While monkeys did not become sensitized to peanut in the current model, several limitations could be addressed. Future studies should investigate longer periods of exposure (eg, 8 weeks instead of 4) and higher doses of peanut in a dose‐response manner. In addition, the application of peanut to a disrupted skin barrier has been demonstrated to promote sensitization in humans, which may also be required to sensitize primates. Interestingly, recent studies from the LEAP cohort demonstrated that Staphylococcus aureus colonization on the skin was associated with peanut allergy. Furthermore, the application site and relative thickness of the skin may be other important considerations for future studies. While the 1.2‐ to 1.4‐year‐old monkeys used in this study are similar in age to when children may develop a peanut allergy, the use of younger monkeys in future studies may enable sensitization. Notably, experiments using monkeys are costly, limited to small sample sizes, and restricted in terms of procedural capabilities compared with rodent studies, which limits the number of variables that can be investigated in a single experiment.

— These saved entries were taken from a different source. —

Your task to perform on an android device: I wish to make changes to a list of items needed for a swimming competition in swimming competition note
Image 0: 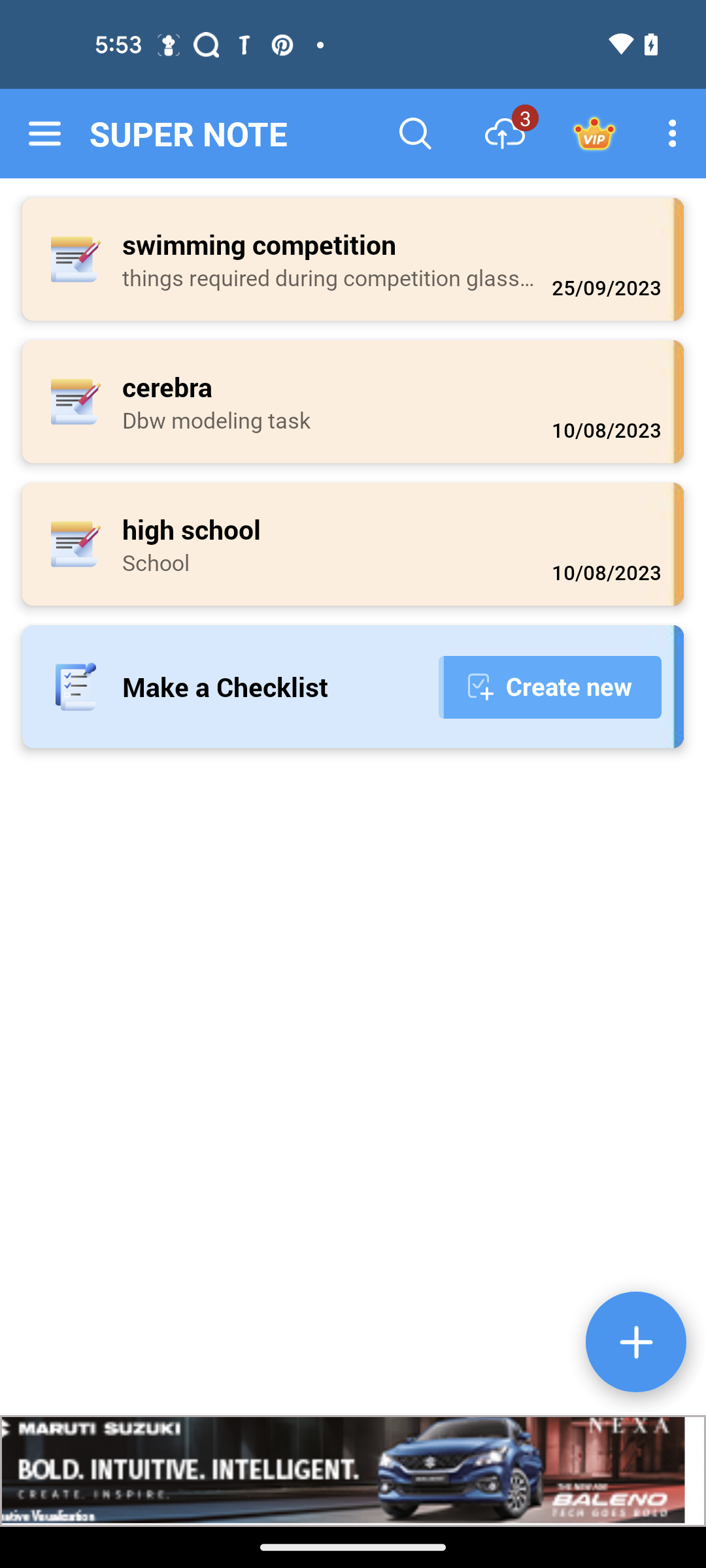
click on the swimming competition note
Step 0: click (337, 244)
Image 1: 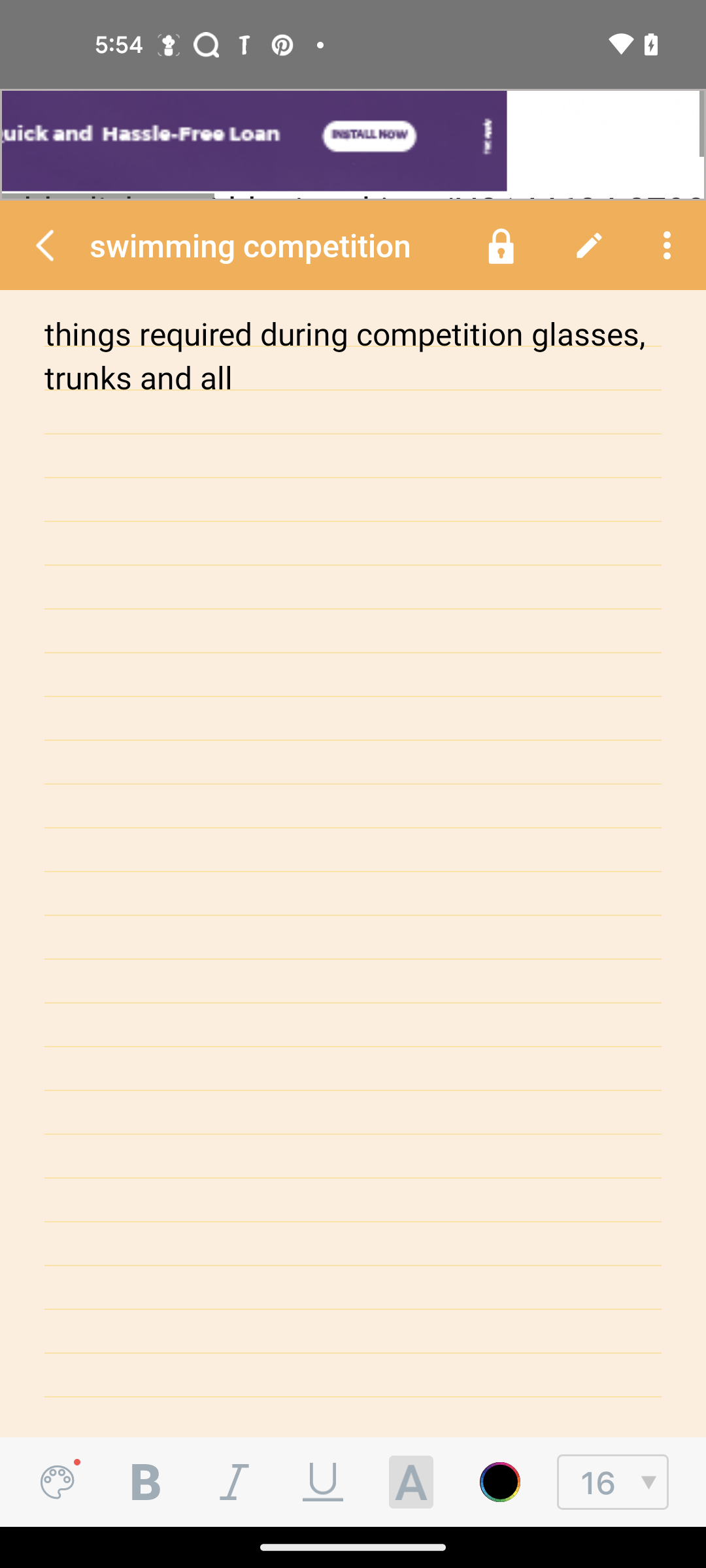
click on the body of note
Step 1: click (353, 864)
Image 2: 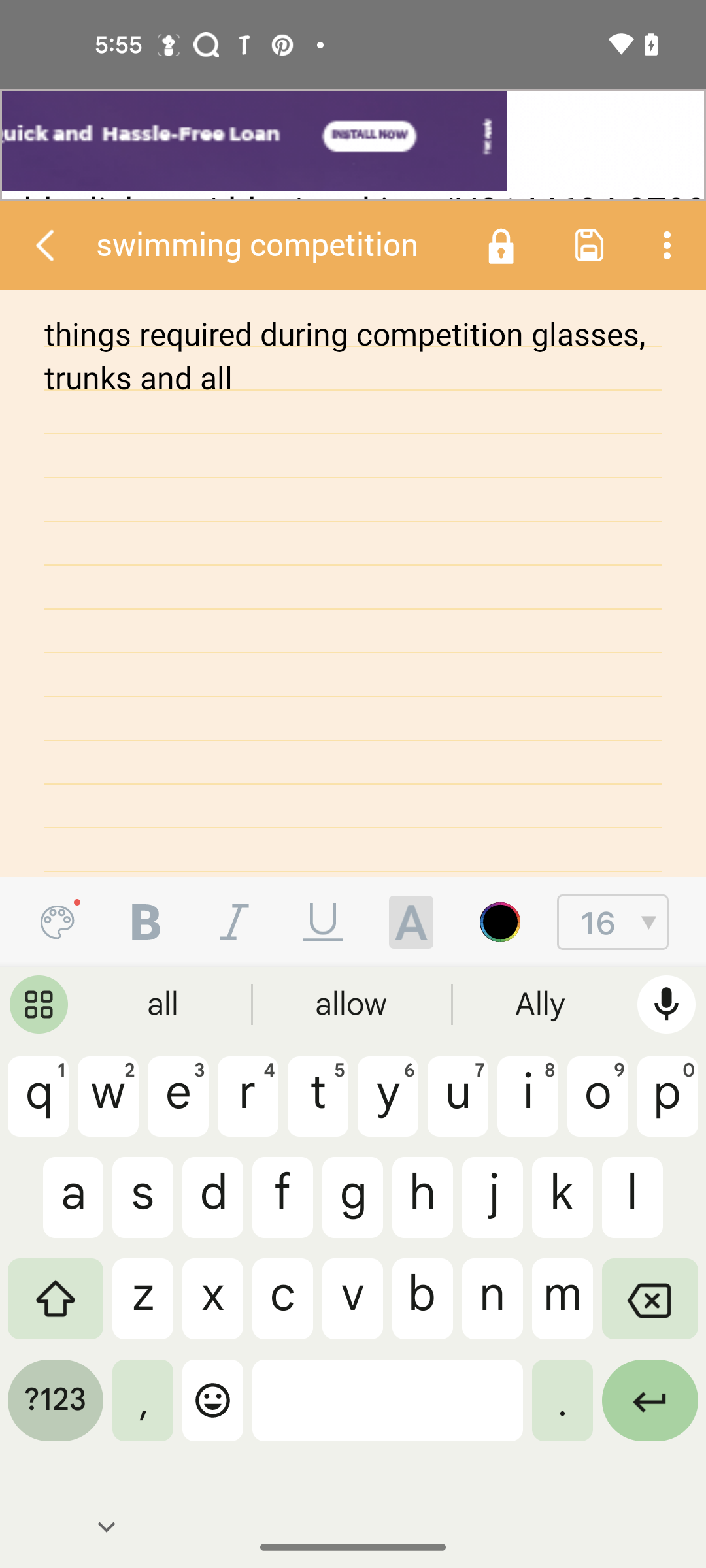
enter item required is glasses , trunks, lotion, towel
Step 2: type "item required is glasses , trunks, lotion, towel"
Image 3: 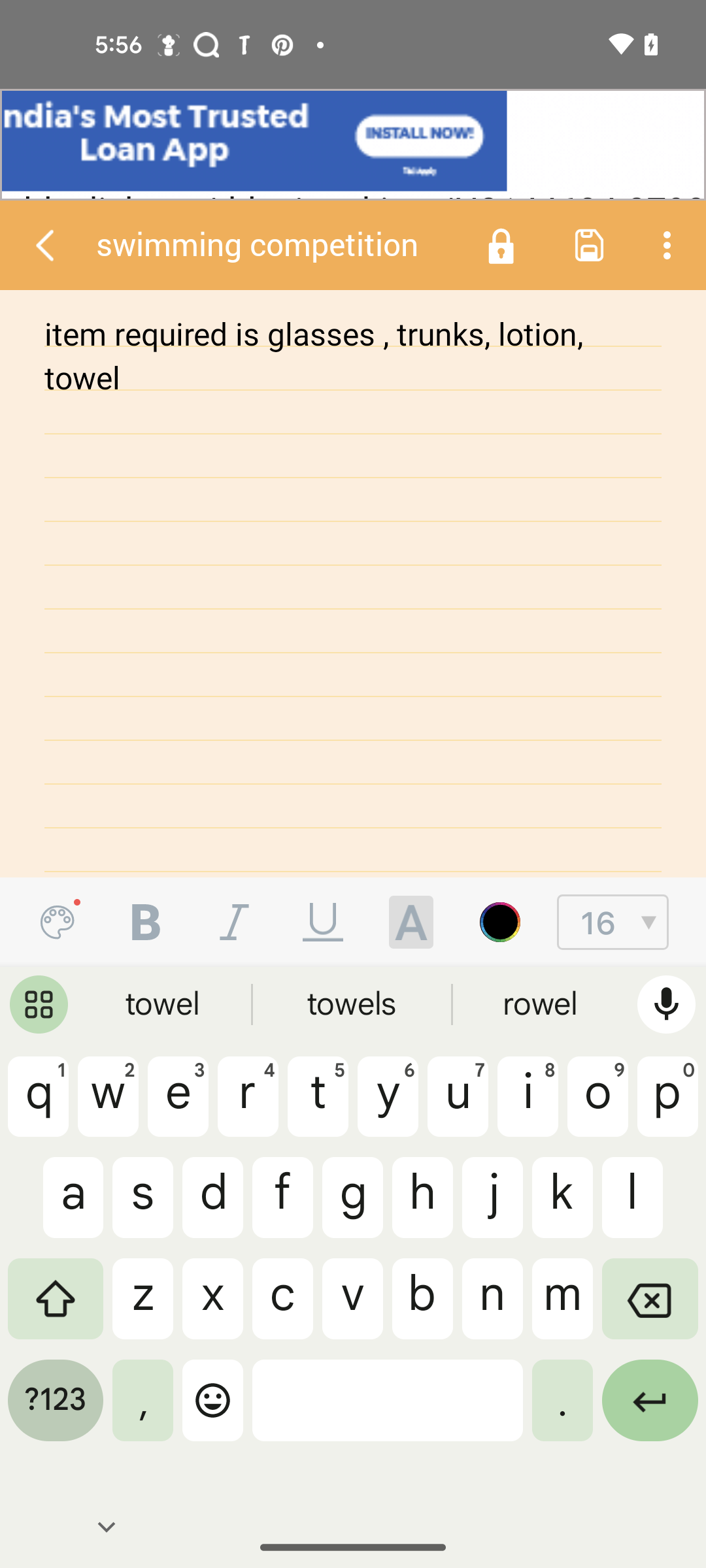
click on the save icon
Step 3: click (589, 245)

In summary, by adapting a similar protocol to that used in mice, we were unable to detect any peanut‐specific IgE production postcutaneous peanut exposure, indicating that this protocol did not sensitize the monkeys to peanut. Furthermore, monkeys challenged with 200 mg of peanut extract did not experience any allergic symptoms or detectable histamine release, consistent with a lack of sensitization. However, these monkeys produced increasing quantities of peanut‐specific IgG throughout the course of peanut exposure, indicating that the application of peanut through the skin is immunogenic. Ultimately, our data do not exclude that monkeys, or humans, can be sensitized by cutaneous exposure to peanut, we can only conclude that this particular protocol and study population did not become allergic.

CONFLICT OF INTERESTS

The authors declare that there are no conflict of interests.